His colleague put it more bluntly. “The only beneficiaries of this whole process are government employees,” he declared. “They wanted others to make sacrifices while they did their duties. If only they had given a serious thought to civil disobedience, the situation might have been different today. They hitched rides and reached office for perks and incentives. They did not even resist the Durbar move [the shifting of the administration from Srinagar to Jammu for the winter] because their allowances were hiked from Rs 15,000 to Rs 25,000. It is a hypocrisy.”
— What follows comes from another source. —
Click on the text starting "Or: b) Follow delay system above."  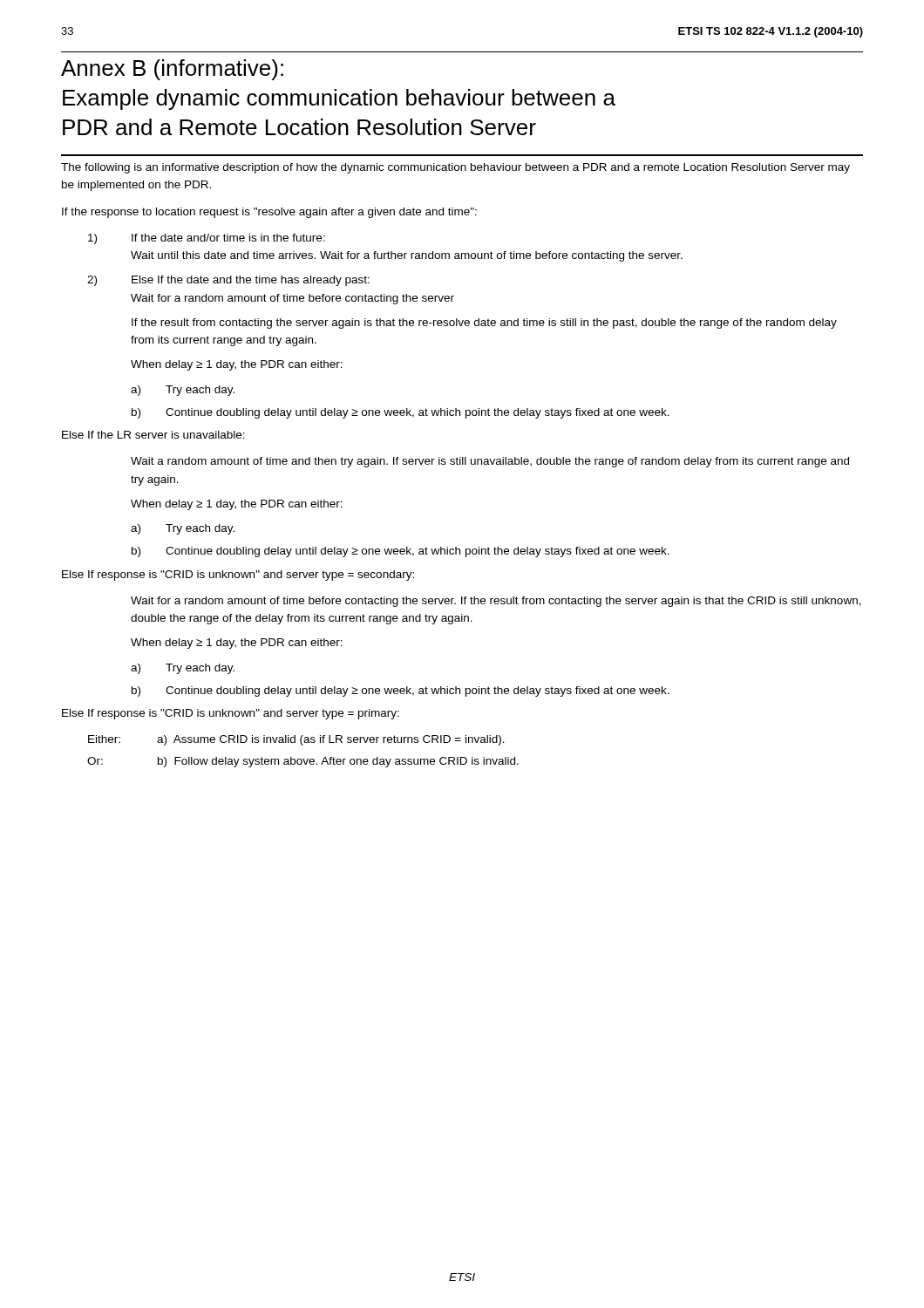tap(475, 761)

Across the board, there are functionaries of the administration who are conflicted by the job they must do, from government employees tasked with executing the details of Jammu and Kashmir’s transition from state with special status to Union Territory, to local policemen. In the aftermath of August 5, anecdotal evidence suggests, the constabulary was disarmed as the Centre feared a police rebellion.
The rebellion did not happen but the Kashmiri constabulary may still be viewed as part of a suspect population. A young policeman from Ajas in Bandipora district said he was picked up from the streets in an army sweep, taken to a camp and then kept in a police lock up for two days. “I told the police to investigate [his detention], I’m in the police myself. But there is no law here now,” said the policeman, was dressed in plain clothes and drinking tea with his friends, both traders on strike.
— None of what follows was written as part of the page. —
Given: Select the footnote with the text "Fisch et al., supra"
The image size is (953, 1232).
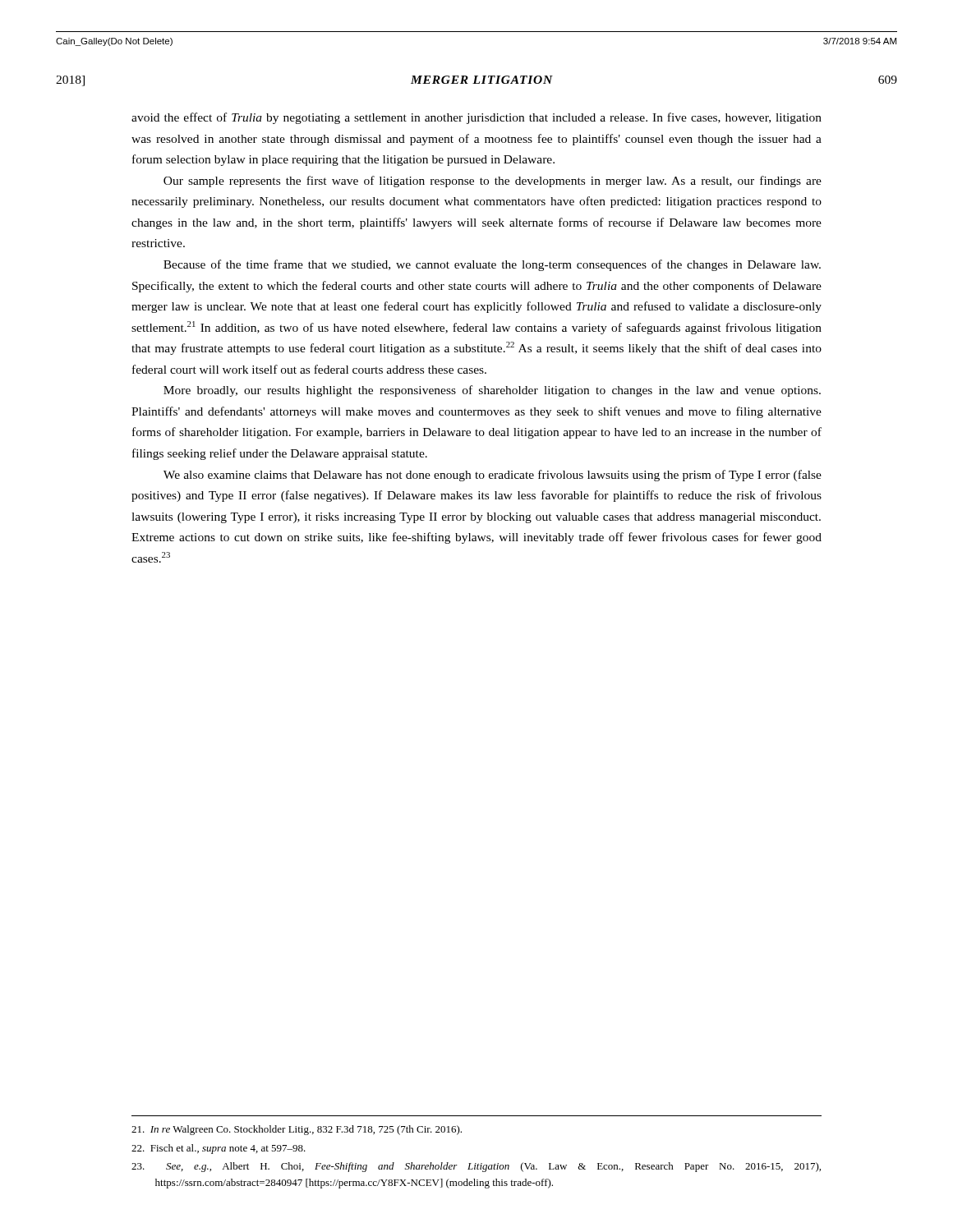Looking at the screenshot, I should (219, 1147).

One professional community has kept traders company in the hartal. Along with markets, courts in Kashmir are also half deserted. Early on, the High Court Bar Association of Kashmir had called for a hartal to protest against the Centre’s decision and the arrest of lawyers, including the bar association’s president and former president. The district bar associations followed suit.
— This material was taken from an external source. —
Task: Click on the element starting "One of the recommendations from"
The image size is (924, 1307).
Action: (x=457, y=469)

“Only a few junior lawyers attend court to make sure no adverse judgments are passed,” said Rafie Ahmed, an advocate at the Shopian district court. Late November, the court complex was deserted except for a few petitioners who wanted to find out the status of their cases.
All regular work has stopped at district courts except for bail applications, lawyers say. With mass detentions since August 5, there would presumably be a thicket of bail applications. But that is not the case. “Most of them were illegal detentions, there were no FIRs” said another lawyer at the Shopian court. “So they don’t approach the courts. If they do, the police will name them in an FIR and a chargesheet will follow.” Families of the detained had realised that the courts cannot do much, the lawyer said, “it’s all the sweet will of the SHO [station house officer]”.
Lawyers in Shopian say they do not know how long the shutdown will continue. “We had a meeting with the judges where they asked us when we were going to attend court,” said Ahmed. “We confirmed with Anantnag and Pulwama bar associations and said the status quo would continue.”
In previous years, the Hurriyat would issue calendars phasing out the hartal, first widening the dheel to several hours a day, then several days a week, until the restrictions disappeared altogether. In the new era of do it yourself hartals, the only status quo is uncertainty.
After nearly four months, there is exhaustion and distress. But most residents of the Valley say they are prepared for the long haul. Over the years of protest and curfew, they have developed a pride in the resources they have and the strategies devised to beat scarcity. Resilience itself is seen as a challenge to the government. “It is god given,” said the trader in Bandipora town. “Kashmiris are very clever. Even if you keep us locked up for 10 years, we will still be eating meat.”